WHAT THE TASK ASKS:
Beginning with the line that contains "dimensions: [0.292, 0.115, 0.104]", retype the entries below exactly, ending with the line that contains "- sandal [328,303,369,387]". Leave out any pictures.

■ ■ ■ ■ ■ ■ ■

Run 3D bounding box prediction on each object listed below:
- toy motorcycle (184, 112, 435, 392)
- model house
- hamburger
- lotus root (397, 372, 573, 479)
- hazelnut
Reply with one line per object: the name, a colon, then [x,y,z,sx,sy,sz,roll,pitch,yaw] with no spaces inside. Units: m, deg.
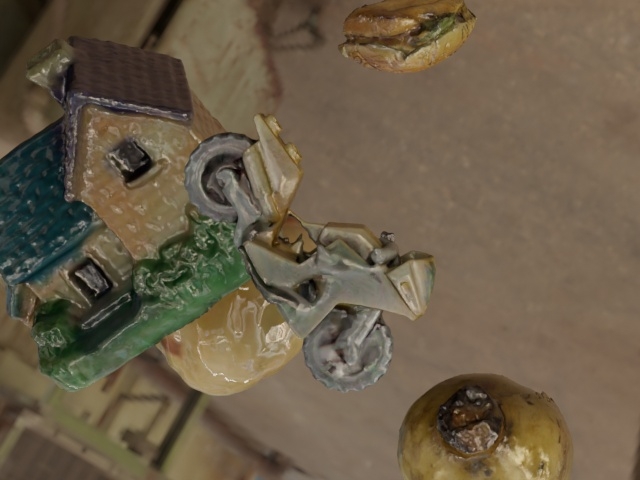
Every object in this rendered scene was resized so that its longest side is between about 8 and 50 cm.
toy motorcycle: [0.000,0.000,1.158,0.229,0.130,0.094,55,-169,-2]
model house: [-0.242,-0.052,1.564,0.280,0.312,0.245,52,-170,-24]
hamburger: [0.117,-0.233,1.737,0.102,0.176,0.087,32,132,48]
lotus root: [0.157,0.200,1.413,0.146,0.160,0.284,62,-178,23]
hazelnut: [-0.102,0.070,1.882,0.261,0.261,0.241,27,150,3]
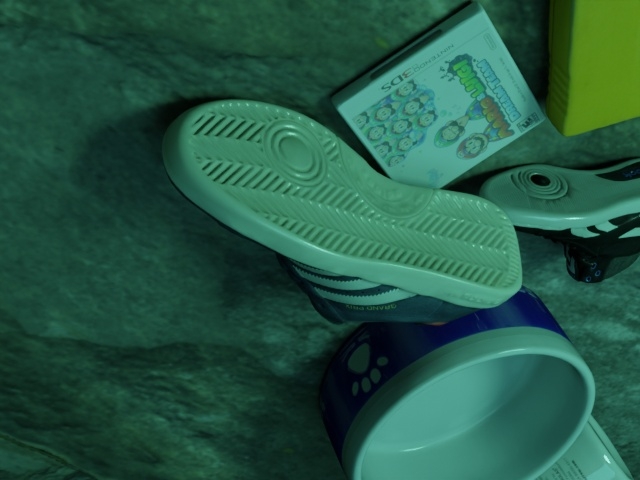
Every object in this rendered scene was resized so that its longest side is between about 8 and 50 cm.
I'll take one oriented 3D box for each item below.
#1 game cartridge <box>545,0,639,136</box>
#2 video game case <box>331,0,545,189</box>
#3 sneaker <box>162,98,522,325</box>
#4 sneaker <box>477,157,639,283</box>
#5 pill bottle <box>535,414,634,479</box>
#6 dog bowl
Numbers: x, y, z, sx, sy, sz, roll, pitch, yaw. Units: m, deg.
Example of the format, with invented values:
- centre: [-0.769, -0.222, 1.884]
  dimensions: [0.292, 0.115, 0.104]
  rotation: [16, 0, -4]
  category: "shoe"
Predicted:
- centre: [0.320, -0.249, 1.133]
  dimensions: [0.285, 0.052, 0.323]
  rotation: [-17, 139, -11]
  category: "game cartridge"
- centre: [0.103, -0.111, 1.192]
  dimensions: [0.143, 0.019, 0.157]
  rotation: [-33, 139, 7]
  category: "video game case"
- centre: [0.000, 0.000, 1.182]
  dimensions: [0.350, 0.131, 0.148]
  rotation: [23, 143, -30]
  category: "sneaker"
- centre: [0.234, -0.006, 1.323]
  dimensions: [0.217, 0.079, 0.121]
  rotation: [-5, 134, -24]
  category: "sneaker"
- centre: [0.221, 0.283, 1.573]
  dimensions: [0.229, 0.131, 0.131]
  rotation: [-35, 138, 10]
  category: "pill bottle"
- centre: [0.136, 0.164, 1.428]
  dimensions: [0.265, 0.104, 0.265]
  rotation: [-15, 137, -14]
  category: "dog bowl"
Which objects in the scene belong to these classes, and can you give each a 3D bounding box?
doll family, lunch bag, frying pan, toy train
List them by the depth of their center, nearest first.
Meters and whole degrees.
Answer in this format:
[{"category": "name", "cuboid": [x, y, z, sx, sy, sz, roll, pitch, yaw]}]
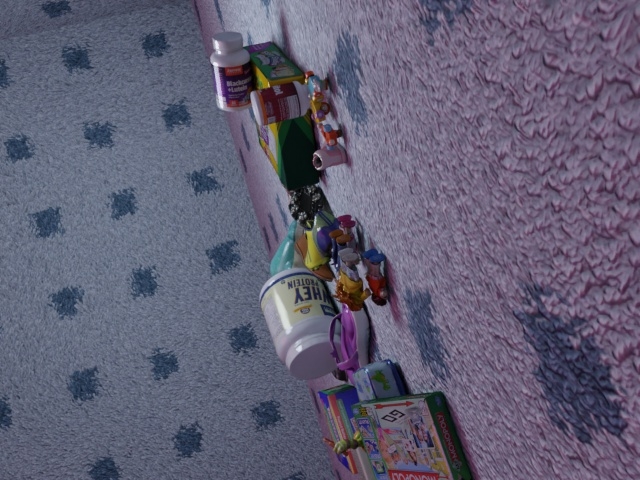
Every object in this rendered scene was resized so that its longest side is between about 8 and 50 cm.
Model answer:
[{"category": "toy train", "cuboid": [0.012, -0.290, 1.317, 0.125, 0.046, 0.166, -122, 15, -51]}, {"category": "doll family", "cuboid": [0.063, 0.068, 1.388, 0.263, 0.118, 0.163, -122, 18, -54]}, {"category": "lunch bag", "cuboid": [0.154, 0.392, 1.499, 0.219, 0.090, 0.176, 110, 143, -71]}, {"category": "frying pan", "cuboid": [0.035, 0.381, 2.243, 0.197, 0.053, 0.326, -142, 34, -71]}]

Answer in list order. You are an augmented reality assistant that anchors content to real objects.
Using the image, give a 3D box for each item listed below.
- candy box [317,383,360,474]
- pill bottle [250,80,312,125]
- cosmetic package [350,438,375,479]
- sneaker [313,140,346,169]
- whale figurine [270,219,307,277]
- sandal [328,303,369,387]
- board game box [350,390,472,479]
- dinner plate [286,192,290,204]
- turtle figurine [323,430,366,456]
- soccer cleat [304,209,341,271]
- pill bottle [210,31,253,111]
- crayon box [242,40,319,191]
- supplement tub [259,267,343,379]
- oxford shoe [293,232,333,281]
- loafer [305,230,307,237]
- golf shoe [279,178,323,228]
[{"category": "candy box", "cuboid": [0.098, 0.648, 2.105, 0.317, 0.122, 0.268, 124, 129, -75]}, {"category": "pill bottle", "cuboid": [-0.086, -0.334, 1.449, 0.086, 0.152, 0.086, 164, 90, -80]}, {"category": "cosmetic package", "cuboid": [0.189, 0.725, 1.776, 0.160, 0.113, 0.310, 102, 150, -69]}, {"category": "sneaker", "cuboid": [0.009, -0.200, 1.394, 0.134, 0.070, 0.051, -128, 21, -66]}, {"category": "whale figurine", "cuboid": [-0.113, 0.052, 2.183, 0.216, 0.141, 0.272, -80, -7, -57]}, {"category": "sandal", "cuboid": [0.070, 0.295, 1.747, 0.416, 0.102, 0.169, 87, 163, -47]}, {"category": "board game box", "cuboid": [0.186, 0.438, 1.272, 0.317, 0.046, 0.214, -36, 70, 60]}, {"category": "dinner plate", "cuboid": [-0.099, -0.139, 2.198, 0.141, 0.017, 0.141, 163, 90, -79]}, {"category": "turtle figurine", "cuboid": [0.158, 0.544, 1.568, 0.217, 0.269, 0.087, 15, 85, 55]}, {"category": "soccer cleat", "cuboid": [0.001, -0.001, 1.637, 0.121, 0.093, 0.289, 52, 160, 7]}, {"category": "pill bottle", "cuboid": [-0.242, -0.461, 1.641, 0.108, 0.108, 0.194, -119, 21, -50]}, {"category": "crayon box", "cuboid": [-0.119, -0.362, 1.710, 0.363, 0.106, 0.313, -121, 18, -55]}, {"category": "supplement tub", "cuboid": [-0.058, 0.278, 2.030, 0.235, 0.235, 0.325, 85, 165, -46]}, {"category": "oxford shoe", "cuboid": [-0.015, 0.050, 1.934, 0.076, 0.076, 0.212, -56, 49, 22]}, {"category": "loafer", "cuboid": [-0.023, -0.048, 1.830, 0.170, 0.062, 0.061, 131, 127, -76]}, {"category": "golf shoe", "cuboid": [-0.036, -0.108, 1.761, 0.273, 0.105, 0.120, -110, -6, -51]}]
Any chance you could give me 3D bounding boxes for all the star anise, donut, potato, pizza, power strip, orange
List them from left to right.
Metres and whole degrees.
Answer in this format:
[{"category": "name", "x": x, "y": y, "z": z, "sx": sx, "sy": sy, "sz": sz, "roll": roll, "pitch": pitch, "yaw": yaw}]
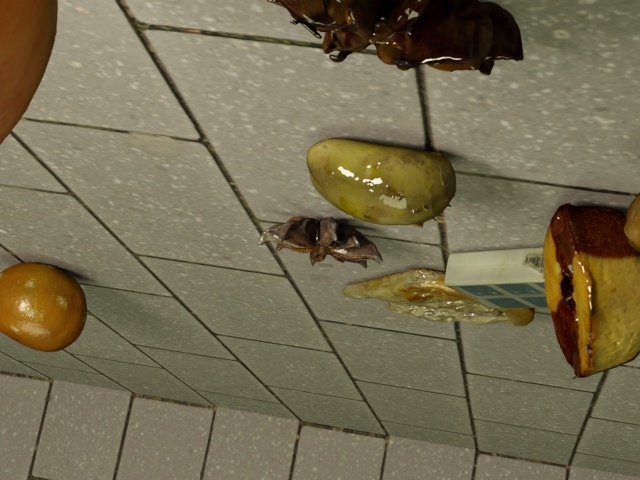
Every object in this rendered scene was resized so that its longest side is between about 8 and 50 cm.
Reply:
[{"category": "orange", "x": -0.427, "y": 0.098, "z": 1.898, "sx": 0.156, "sy": 0.124, "sz": 0.156, "roll": 26, "pitch": 163, "yaw": 9}, {"category": "star anise", "x": -0.001, "y": -0.001, "z": 1.393, "sx": 0.141, "sy": 0.042, "sz": 0.141, "roll": 7, "pitch": 166, "yaw": 2}, {"category": "star anise", "x": 0.035, "y": -0.147, "z": 0.764, "sx": 0.177, "sy": 0.073, "sz": 0.234, "roll": 15, "pitch": -177, "yaw": 16}, {"category": "potato", "x": 0.052, "y": -0.051, "z": 1.121, "sx": 0.137, "sy": 0.070, "sz": 0.091, "roll": 6, "pitch": 163, "yaw": 18}, {"category": "pizza", "x": 0.135, "y": 0.075, "z": 1.589, "sx": 0.262, "sy": 0.034, "sz": 0.181, "roll": -2, "pitch": 161, "yaw": 39}, {"category": "donut", "x": 0.259, "y": 0.045, "z": 1.181, "sx": 0.073, "sy": 0.166, "sz": 0.184, "roll": -7, "pitch": 153, "yaw": 2}, {"category": "power strip", "x": 0.295, "y": 0.037, "z": 1.325, "sx": 0.367, "sy": 0.043, "sz": 0.106, "roll": -5, "pitch": 159, "yaw": 46}]

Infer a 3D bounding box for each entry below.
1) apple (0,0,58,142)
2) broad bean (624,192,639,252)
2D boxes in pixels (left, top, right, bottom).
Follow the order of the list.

■ ■ ■ ■ ■ ■ ■

RESULT FOR THIS EXERCISE:
  dimensions: [0.292, 0.115, 0.104]
  rotation: [16, 0, -4]
  category: "shoe"
Predicted:
- centre: [0.320, -0.249, 1.133]
  dimensions: [0.285, 0.052, 0.323]
  rotation: [-17, 139, -11]
  category: "game cartridge"
- centre: [0.103, -0.111, 1.192]
  dimensions: [0.143, 0.019, 0.157]
  rotation: [-33, 139, 7]
  category: "video game case"
- centre: [0.000, 0.000, 1.182]
  dimensions: [0.350, 0.131, 0.148]
  rotation: [23, 143, -30]
  category: "sneaker"
- centre: [0.234, -0.006, 1.323]
  dimensions: [0.217, 0.079, 0.121]
  rotation: [-5, 134, -24]
  category: "sneaker"
- centre: [0.221, 0.283, 1.573]
  dimensions: [0.229, 0.131, 0.131]
  rotation: [-35, 138, 10]
  category: "pill bottle"
- centre: [0.136, 0.164, 1.428]
  dimensions: [0.265, 0.104, 0.265]
  rotation: [-15, 137, -14]
  category: "dog bowl"
Which objects in the scene belong to these classes, and can you give each a 3D bounding box?
doll family, lunch bag, frying pan, toy train
List them by the depth of their center, nearest first.
Meters and whole degrees.
Answer in this format:
[{"category": "name", "cuboid": [x, y, z, sx, sy, sz, roll, pitch, yaw]}]
Every object in this rendered scene was resized so that its longest side is between about 8 and 50 cm.
Model answer:
[{"category": "toy train", "cuboid": [0.012, -0.290, 1.317, 0.125, 0.046, 0.166, -122, 15, -51]}, {"category": "doll family", "cuboid": [0.063, 0.068, 1.388, 0.263, 0.118, 0.163, -122, 18, -54]}, {"category": "lunch bag", "cuboid": [0.154, 0.392, 1.499, 0.219, 0.090, 0.176, 110, 143, -71]}, {"category": "frying pan", "cuboid": [0.035, 0.381, 2.243, 0.197, 0.053, 0.326, -142, 34, -71]}]

Answer in list order. You are an augmented reality assistant that anchors content to real objects.
Using the image, give a 3D box for each item listed below.
- candy box [317,383,360,474]
- pill bottle [250,80,312,125]
- cosmetic package [350,438,375,479]
- sneaker [313,140,346,169]
- whale figurine [270,219,307,277]
- sandal [328,303,369,387]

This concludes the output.